A second difficulty is missed in the statement:
<quote>
Note that the relative position of the iterator is not the same as the
absolute position within the set. The position of the iterator is relative
to the node before it and the node after it......
</quote>

This is simplistic.  The position cannot always be relative to BOTH the
preceeding AND the succeeding nodes, since one may move with respect to
other.  There needs to be an order of precedence. Your examples show one
such case, and the preceeding node seems to take precedence.   I think if
you try to codify the rules you will find it complex.  I have tried to do
this at the end of the note with an example titled AMBIGUITY.

A simple model for the behaviour may be to regard the traversal as being
across a (potentially infinite) ector that can contain null (?) entries.
These are ignored in iteration.  I put my interpretation under yours in the
copied text that follows.  relative position is an asterisk, nulls are
question marks.  I do not know how style and colour get translated so I
have included my bits in pseudo tags .

I am not claming to in any way 'right' as opposed to the proposal being
'wrong'.  I am make a suggestion, and I hope it reads ike that.

<quote>
Using ordered set semantics, the position of the iterator is determined by
the relative position in the ordered set. There is no current node. When an
iterator is created for a list, the position is set before the first
element:


* A B C D E F G H I
<comment>
*A B C D E F G H I
</comment>


Each call to next() returns a node and advances the position.

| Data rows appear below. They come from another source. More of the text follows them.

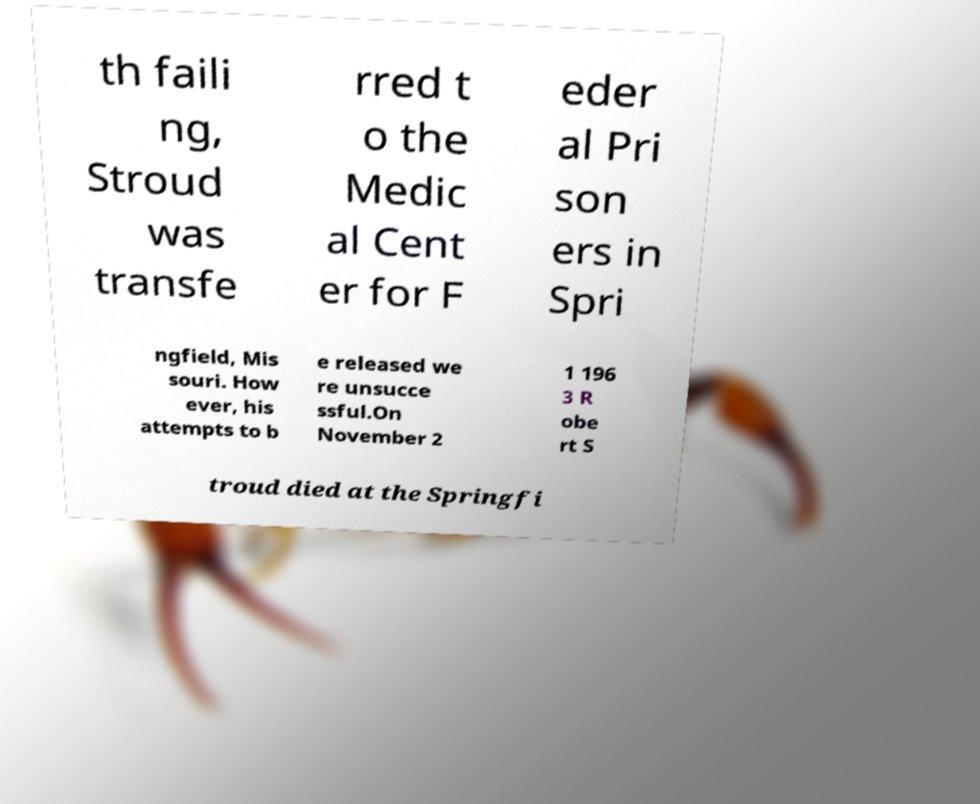I need the written content from this picture converted into text. Can you do that? th faili ng, Stroud was transfe rred t o the Medic al Cent er for F eder al Pri son ers in Spri ngfield, Mis souri. How ever, his attempts to b e released we re unsucce ssful.On November 2 1 196 3 R obe rt S troud died at the Springfi 
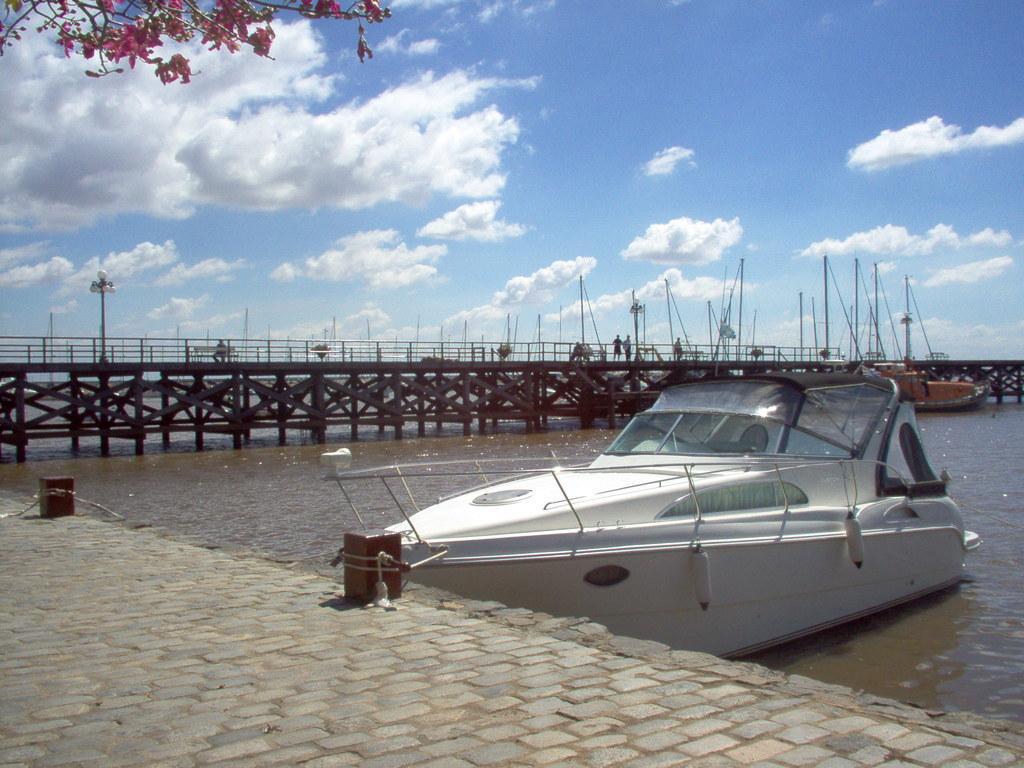Please provide a concise description of this image. In this image there is a white color ship is on the Sea as we can see on the right side of this image. There is a bridge in the background. There is a sky on the top of this image. There are some leaves on the top left corner of this image. There is a floor in the bottom of this image. 
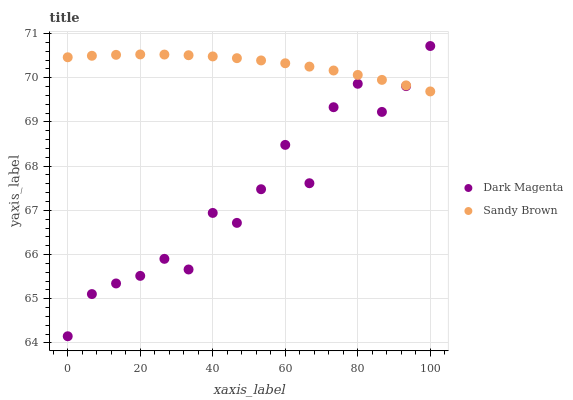Does Dark Magenta have the minimum area under the curve?
Answer yes or no. Yes. Does Sandy Brown have the maximum area under the curve?
Answer yes or no. Yes. Does Dark Magenta have the maximum area under the curve?
Answer yes or no. No. Is Sandy Brown the smoothest?
Answer yes or no. Yes. Is Dark Magenta the roughest?
Answer yes or no. Yes. Is Dark Magenta the smoothest?
Answer yes or no. No. Does Dark Magenta have the lowest value?
Answer yes or no. Yes. Does Dark Magenta have the highest value?
Answer yes or no. Yes. Does Dark Magenta intersect Sandy Brown?
Answer yes or no. Yes. Is Dark Magenta less than Sandy Brown?
Answer yes or no. No. Is Dark Magenta greater than Sandy Brown?
Answer yes or no. No. 
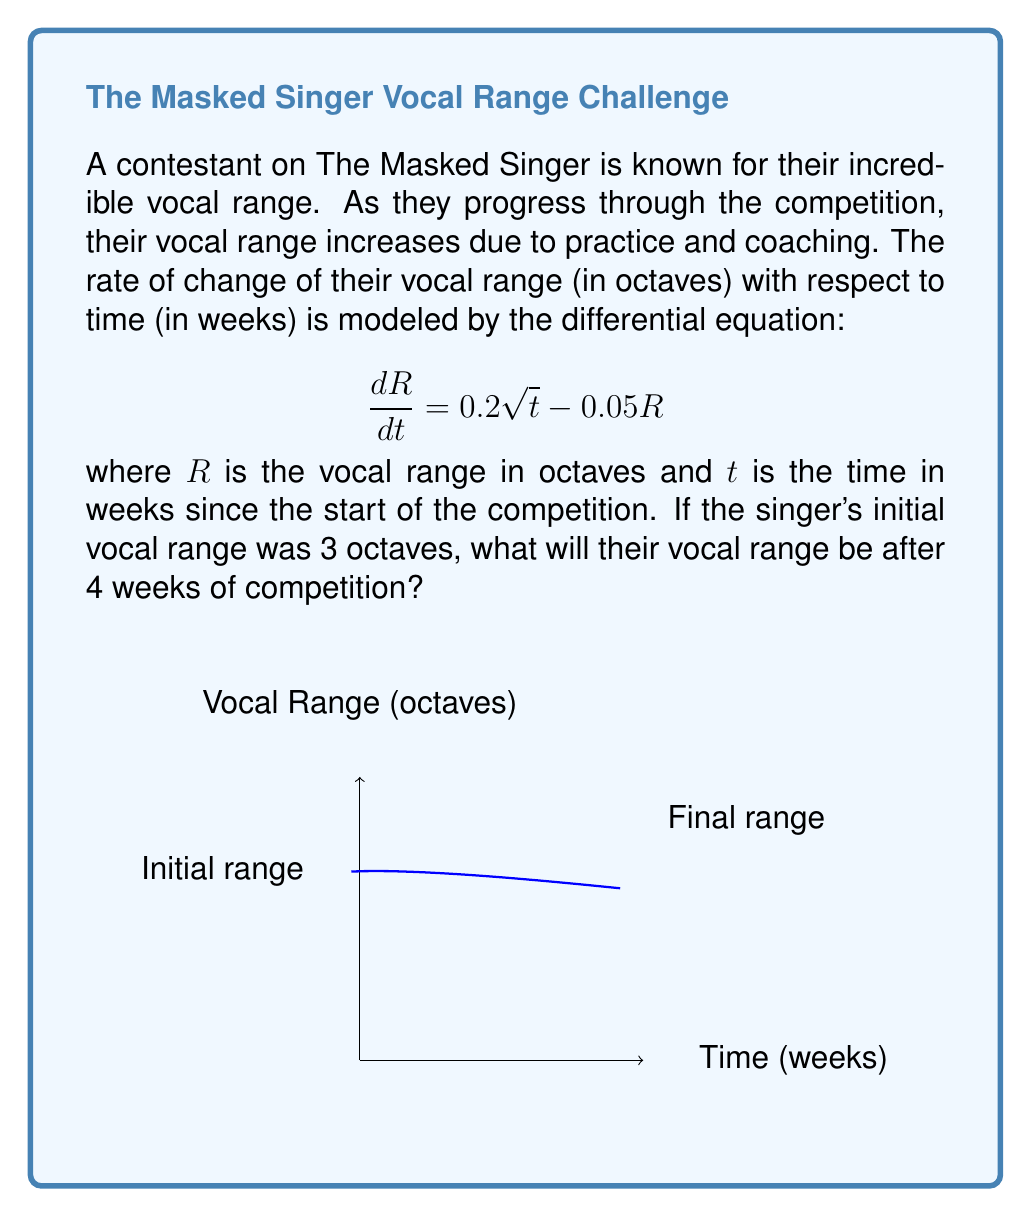Provide a solution to this math problem. Let's solve this step-by-step:

1) The given differential equation is:

   $$\frac{dR}{dt} = 0.2 \sqrt{t} - 0.05R$$

2) This is a linear first-order differential equation. We can solve it using the integrating factor method.

3) The integrating factor is $e^{\int 0.05 dt} = e^{0.05t}$.

4) Multiplying both sides of the equation by the integrating factor:

   $$e^{0.05t} \frac{dR}{dt} + 0.05e^{0.05t}R = 0.2e^{0.05t}\sqrt{t}$$

5) The left side is now the derivative of $e^{0.05t}R$, so we can write:

   $$\frac{d}{dt}(e^{0.05t}R) = 0.2e^{0.05t}\sqrt{t}$$

6) Integrating both sides:

   $$e^{0.05t}R = 0.2 \int e^{0.05t}\sqrt{t} dt = 0.2e^{0.05t}(\frac{2\sqrt{t}}{0.05} - \frac{4}{0.05^{3/2}}) + C$$

7) Solving for $R$:

   $$R = 4 - \frac{4}{0.05^{3/2}}e^{-0.05t} + Ce^{-0.05t}$$

8) Using the initial condition $R(0) = 3$, we can find $C$:

   $$3 = 4 - \frac{4}{0.05^{3/2}} + C$$
   $$C = 3 - 4 + \frac{4}{0.05^{3/2}} = -1 + \frac{4}{0.05^{3/2}}$$

9) Substituting this back into our solution:

   $$R = 4 - (1 + \frac{0.2t^{3/2}}{3})e^{-0.05t}$$

10) Now we can calculate $R(4)$:

    $$R(4) = 4 - (1 + \frac{0.2(4)^{3/2}}{3})e^{-0.05(4)} \approx 3.74$$

Therefore, after 4 weeks, the singer's vocal range will be approximately 3.74 octaves.
Answer: 3.74 octaves 
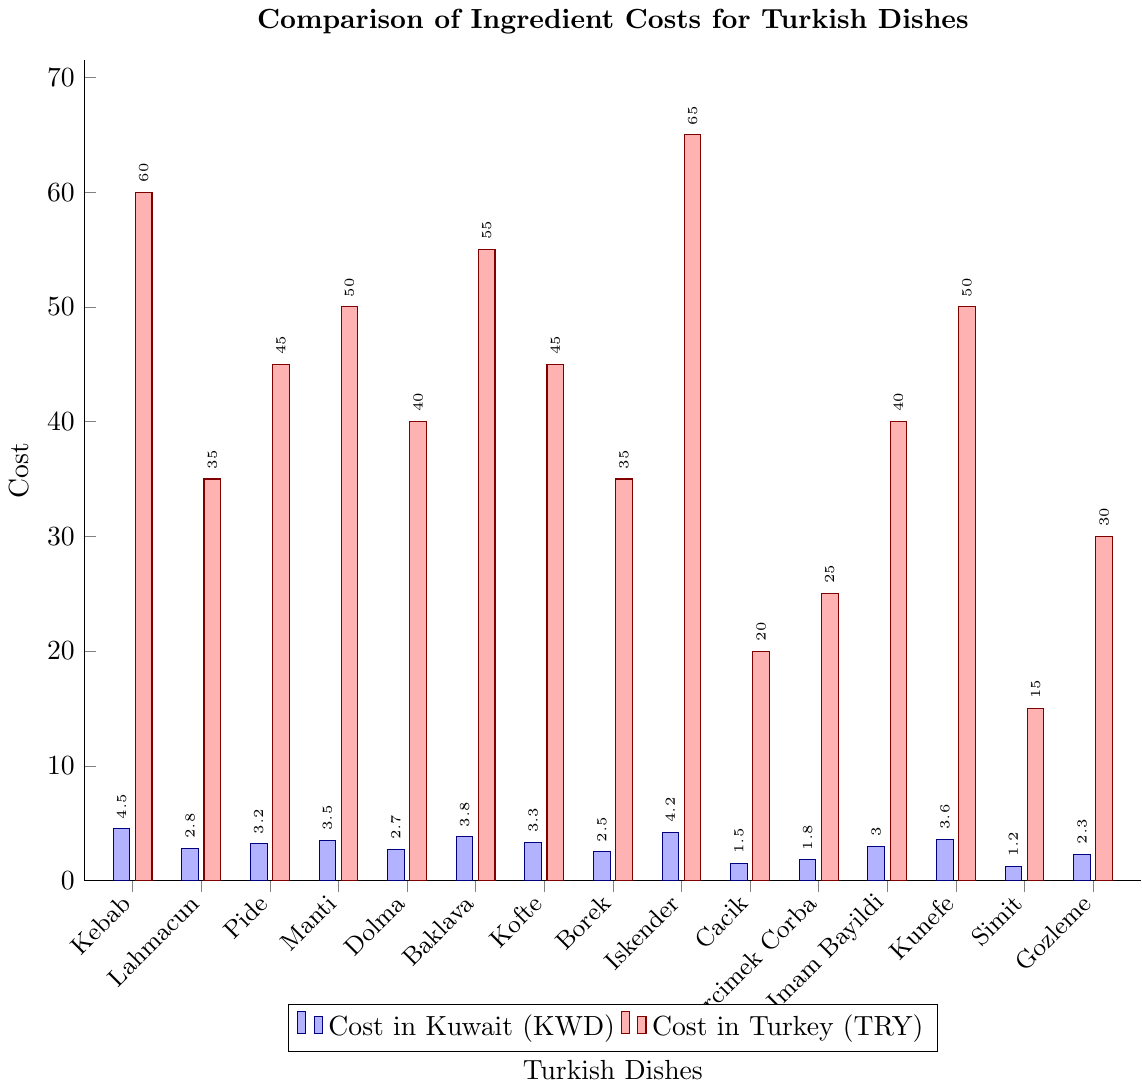Which dish has the highest cost in Kuwait? The dish with the highest cost in Kuwait is identified by the tallest blue bar in the figure. Among the dishes, "Kebab" has the highest cost in Kuwait at 4.5 KWD.
Answer: Kebab How does the cost of Kofte in Kuwait compare to its cost in Turkey? To find the cost comparison for Kofte, observe the height of the blue bar (Kuwait) and red bar (Turkey) for Kofte. The cost in Kuwait is 3.3 KWD while in Turkey it is 45 TRY. This means Kofte is more expensive in Turkey.
Answer: Kofte is cheaper in Kuwait What is the difference in cost for Mercimek Corba between Kuwait and Turkey? Subtract the cost in Kuwait (blue bar) from the cost in Turkey (red bar) for Mercimek Corba. The cost is 1.8 KWD in Kuwait and 25 TRY in Turkey.
Answer: 23.2 TRY Which dish has the smallest cost in Kuwait? The dish with the smallest cost in Kuwait is determined by the shortest blue bar. Among the dishes, "Simit" has the smallest cost at 1.2 KWD.
Answer: Simit What is the average cost of Pide and Lahmacun in Kuwait? Calculate the average by summing the costs of Pide (3.2 KWD) and Lahmacun (2.8 KWD) in Kuwait, and then dividing by 2. (3.2 + 2.8) / 2 = 3.0 KWD.
Answer: 3.0 KWD How much more does Iskender cost in Turkey compared to Kuwait? Subtract the cost in Kuwait (blue bar) from the cost in Turkey (red bar) for Iskender. The cost is 4.2 KWD in Kuwait and 65 TRY in Turkey.
Answer: 60.8 TRY Which two dishes have the same cost in Turkey, and what is that cost? Look for two red bars of equal height. Both Lahmacun and Borek have the same cost in Turkey, which is 35 TRY.
Answer: Lahmacun and Borek, 35 TRY What is the visual difference in height between the bars representing Baklava costs in Kuwait and Turkey? Compare the heights of the blue bar (Kuwait) and red bar (Turkey) for Baklava. The red bar is significantly taller. The numerical difference is 51.2 TRY.
Answer: The red bar (Turkey) is significantly taller Which dish has the largest cost difference between Kuwait and Turkey? Identify the dish with the largest numerical difference between the blue and red bars. Iskender has the largest cost difference, with 4.2 KWD in Kuwait and 65 TRY in Turkey, giving a difference of 60.8 TRY.
Answer: Iskender What's the median cost of the dishes in Kuwait? Organize the cost values in ascending order: 1.2, 1.5, 1.8, 2.3, 2.5, 2.7, 2.8, 3.0, 3.2, 3.3, 3.5, 3.6, 3.8, 4.2, 4.5. The median, or middle value, of these 15 dishes is 3.2 KWD.
Answer: 3.2 KWD

For instance,
if we start with the above position, the first call to next() returns "A"
and
advances the iterator:


 A *B C D E F G H I
<comment>
A *B C D E F G H I))
</comment>

The relative position of the iterator remains valid when nodes are deleted.
Suppose the nodes in our list do not come from a tree, but are merely a set
of nodes in which none of the nodes are children of other nodes. If you
delete "A", the position of the iterator is unchanged with respect to the
remaining nodes:


* B C D E F G H I
 <comment>
?*B C D E F G H I          -B is next to be iterated
</comment>

Similarly, if "B" and "C" are deleted, the position remains unchanged with
respect to the remaining nodes:

* D E F G H I
<comment>
?*? ? D E F G H I
Here the iterator will skip any null entries giving the same result as the
proposal))
</comment>

Moving the "D" node to the end of the set does not change the current
position:

* E F G H I D
<comment>
This an intuitive result, but may be easier to explain as follows: first
remove 'D'
? ? ?*? E F G H I
then append 'D' to the end of the list
? ? ?*? E F G H I D
this would require an extensible list, and therefore an end-of-list marker
or a changeing number-of-entries counter.
</comment>

</quote>




AMBIGUITY

To return to the consideration of precedence of pre- and succeeding node
movements in determine the new relative position:
Consider the sequence:
A B C D*E F G H I J
What if we move E to the front?  Probably
E A B C D* F G H I J
What if we move 'F G' to the front?  Probably
F G E A B C D*H I J
What if we move 'H I J' to the front?  Probably
H I J F G E A B C D*
So we assume that however many we move from after the insertion point, the
insertion point does not 'move' from being after the preceeding node.  So
if we start from the alphabetically ordered sequence:
A B C D*E F G H I J
and move 'E F G H I J'
to the front we get
E F G H I J A B C D*



Lets start again
A B C D*E F G H I J
What if we move 'A B' to the end? probably
C D*E F G H I J  A B
What if we moved 'C D' to the end? probably
*E F G H I J  A B C D
So we could move d start with
A B C D*E F G H I J
and move 'A B C D' to the end and get
*E F G H I J  A B C D

So there is a difference between moving A B C D' to the end and moving 'E F
G H I J' to the front.


Phill van Leersum                        ________________________
___________________                      MQSeries Development
phillvl@ibm.uk.com                       mp206 Hursley Park,
Tel +44-1962-815167                      Winchester,
                                   Hampshire SO21 2JN.